Understand the treaty-reduced withholding tax rates on dividends flowing between India and the United States, including Article 10 provisions, beneficial ownership rules, and the Limitation of Benefits clause.

12 min readBy Manu RaoUpdated March 2026

Signed

1989-09-12

Effective

1990-12-18

Model Basis

OECD

MLI Status

Not covered (USA has not signed MLI)

12 min readLast updated March 24, 2026

Dividend Tax Rate Between India and USA

The India-USA Double Taxation Avoidance Agreement (DTAA), signed on September 12, 1989, and effective from December 18, 1990, provides specific withholding tax rates on dividend income under Article 10. These rates are significantly different from India's domestic withholding tax rate of 20% (plus applicable surcharge and 4% health and education cess) under Section 195 of the Income Tax Act, 1961. Understanding the treaty rates and qualifying conditions is essential for cross-border investors and companies operating between India and the USA.

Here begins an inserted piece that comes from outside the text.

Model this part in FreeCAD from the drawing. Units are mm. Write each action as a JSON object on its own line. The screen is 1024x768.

The India-USA DTAA is one of the most important tax treaties India has signed, given the volume of bilateral investment and trade between the two nations. Unlike many other Indian DTAAs, this treaty is not covered by the Multilateral Instrument (MLI) because the United States has not signed the MLI. This means the original treaty provisions remain in force without MLI modifications such as the Principal Purpose Test (PPT).

Treaty Rate vs Domestic Rate: Detailed Comparison

Article 10 of the India-USA DTAA establishes two primary withholding tax rates on dividends, depending on the level of shareholding by the beneficial owner:

15% Rate for Substantial Holdings

Under Article 10(2)(a), dividends paid to a company that directly owns at least 10% of the voting stock of the dividend-paying company are taxed at a maximum rate of 15% of the gross amount. This reduced rate applies when a US parent company receives dividends from its Indian subsidiary (or vice versa), provided it holds the requisite minimum stake.

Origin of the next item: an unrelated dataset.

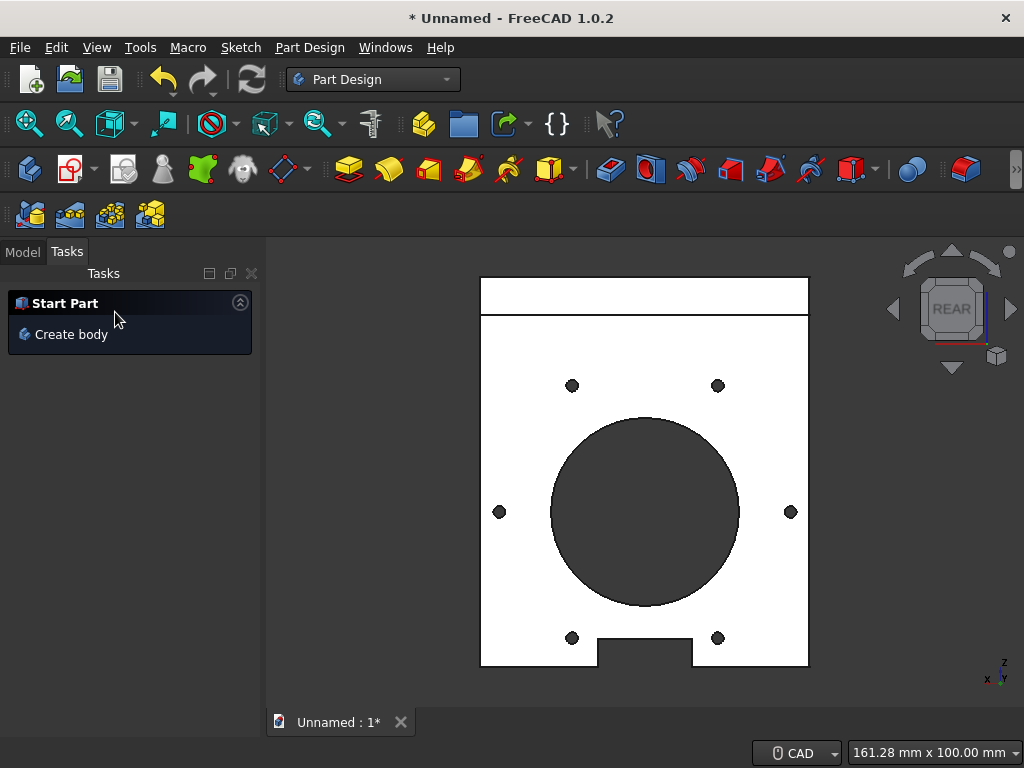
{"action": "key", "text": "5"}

25% Rate for Portfolio Investors

Under Article 10(2)(b), all other dividends are taxed at a maximum rate of 25% of the gross amount. This applies to individual retail investors, portfolio investors, and any shareholder holding less than 10% of the voting stock. Notably, the 25% treaty rate is higher than India's domestic rate of 20% (before surcharge and cess), which means portfolio investors may find the domestic rate more favourable in certain situations.

Special Rules for RICs and REITs

The treaty contains specific provisions for US Regulated Investment Companies (RICs) and Real Estate Investment Trusts (REITs). Dividends paid by a US RIC are subject to the 25% rate. For REITs, the reduced 15% rate under Article 10(2)(a) does not apply; the 25% rate applies only if the dividend is beneficially owned by an individual holding less than 10% interest in the REIT.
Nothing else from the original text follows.